Sunday, 28 August 2011

Tolu Aliki

Sunday, 28 August 2011 00:00
FROM his ‘early  education’, Tolu Aliki appears to have found an identity that promotes juvenile-like expression.When his signature appeared on the art scene few years ago, it looked too fragile to withstand the crowded environment. But he has since proved critics wrong, going by the visibility of his works in public and private places.
Even, abroad higher prospect seems to be knocking at his door already.
Aliki will from Saturday, September 3 to 10 hold his third solo show titled Intimate Moments at Nike Art Gallery, Lekki, Lagos.
However, with his gradual entry into the scene, though avoiding the pop art characteristics, which his works slightly lean towards, Aliki’s skills in Intimate Moments would have to prove if, indeed, that fragile texture has finally disappeared.
My Stallion and I (acrylic on canvas) 3 x 4.5 feet
His largely pastel works seem to thrive on themes that touch on feelings. Intimacy, as suggested by some of them, is not necessarily about human relationships, but the chemistry that exists between man and pets.
Short of putting these works in series, My Stallion and I and Riding Tall as well as a few others, tell an animated story that could be of interest to humanists and conservationists.
For those who have strong emotional attachment to the pasts, as the artist’s choice of stylised form depicts, the landscape, Growing Up Here Was Good and a portraiture-like self-appraisal, Memories of My Younger Days, are nostalgic. “My painting is about love, passion and music,” he says.
On passion, Aliki’s long preference for pastel has been broken with the arrival of acrylic on his palette. He says over 10 years involvement in pastel is enough to consider another medium. “I have worked with pastel to a state of satisfaction.”
Two years ago, he had argued that pastel makes him spontaneous. That, it is imagined would not take away the lucid and proactive expression, now that acrylic is the choice.
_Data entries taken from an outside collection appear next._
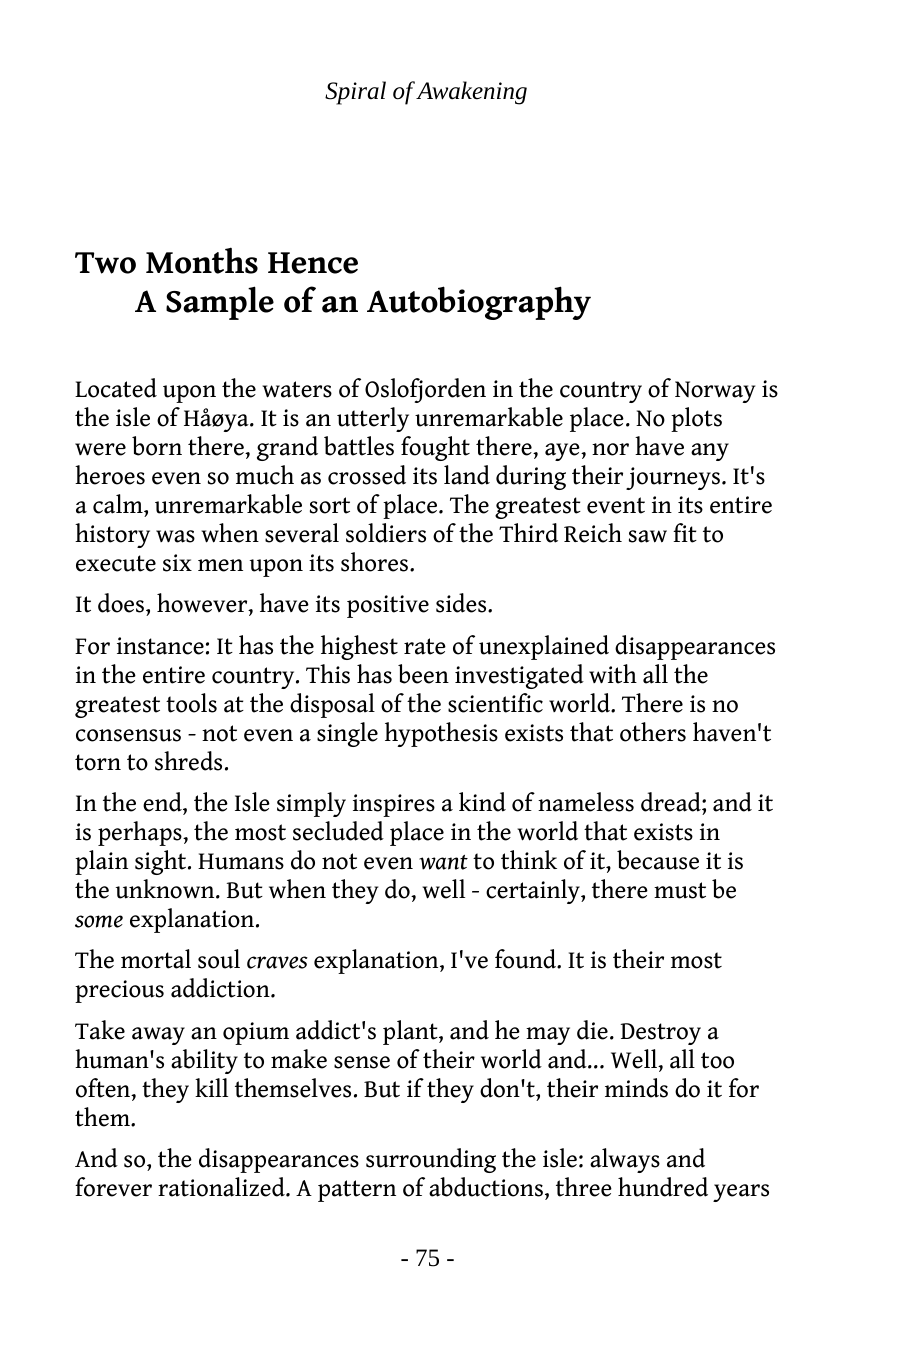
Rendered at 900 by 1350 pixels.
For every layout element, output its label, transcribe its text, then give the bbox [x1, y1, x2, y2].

text It does, however, have its positive sides. [75, 591, 780, 620]
text For instance: It has the highest rate of unexplained disappearances in the entire country. This has been investigated with all the greatest tools at the disposal of the scientific world. There is no consensus - not even a single hypothesis exists that others haven't torn to shreds. [75, 632, 780, 777]
text Take away an opium addict's plant, and he may die. Destroy a human's ability to make sense of their world and... Well, all too often, they kill themselves. But if they don't, their minds do it for them. [75, 1017, 780, 1133]
text Located upon the waters of Oslofjorden in the country of Norway is the isle of Håøya. It is an utterly unremarkable place. No plots were born there, grand battles fought there, aye, nor have any heroes even so much as crossed its land during their journeys. It's a calm, unremarkable sort of place. The greatest event in its entire history was when several soldiers of the Third Reich saw fit to execute six men upon its shores. [75, 376, 780, 578]
text In the end, the Isle simply inspires a kind of nameless dread; and it is perhaps, the most secluded place in the world that exists in plain sight. Humans do not even want to think of it, because it is the unknown. But when they do, well - certainly, there must be some explanation. [75, 790, 780, 934]
text The mortal soul craves explanation, I've found. It is their most precious addiction. [75, 947, 780, 1005]
subtitle Two Months Hence A Sample of an Autobiography [75, 244, 780, 322]
text And so, the disappearances surrounding the isle: always and forever rationalized. A pattern of abductions, three hundred years [75, 1146, 780, 1204]

AS a self-taught artist, he has, surprisingly wormed his way into the heart of collectors and galleries in Lagos, despite not having any ‘school’ or ‘master’ identity to cling on to.
It’s been tough, he says, “but thanks to my training in Mass Communication.”
Perhaps, part of the lift he needed came when he joined the ‘family’ of Ikoyi — Lagos-based Mydrim Gallery.
His works featured in the 8th edition of the gallery’s yearly pastel show titled New Page in 2005. “Yes, it was a strong lift for me,” he notes.
And if his claim of a tight work schedule late last year was anything to go by, sustaining this relative success, perhaps, moving a step further wouldn’t be an uphill task. However, Aliki has to preempt his admirers by not being predictable; a bit of radical edge, within this established toning and theme on canvas could just secure the future for him.
Perhaps with a taste of foreign show, the challenge of sustaining his kind of art would be surmounted. “Last year my show titled Evolution in Portugal was very encouraging. Though not much sales due to the economic recession in Europe, responses from visitors were encouraging.”


SOME of his past shows include, Art on the Mainland at the National Council for Arts, National Theatre Iganmu, Lagos, 2008; ArtExpo, (Nigeria) National Commission for Museum Monument (Nkem Gallery), Onikan, Lagos, 2008; Juried Exhibition, Society of Nigerian Artists’ October Rain, National Museum, Onikan, Lagos.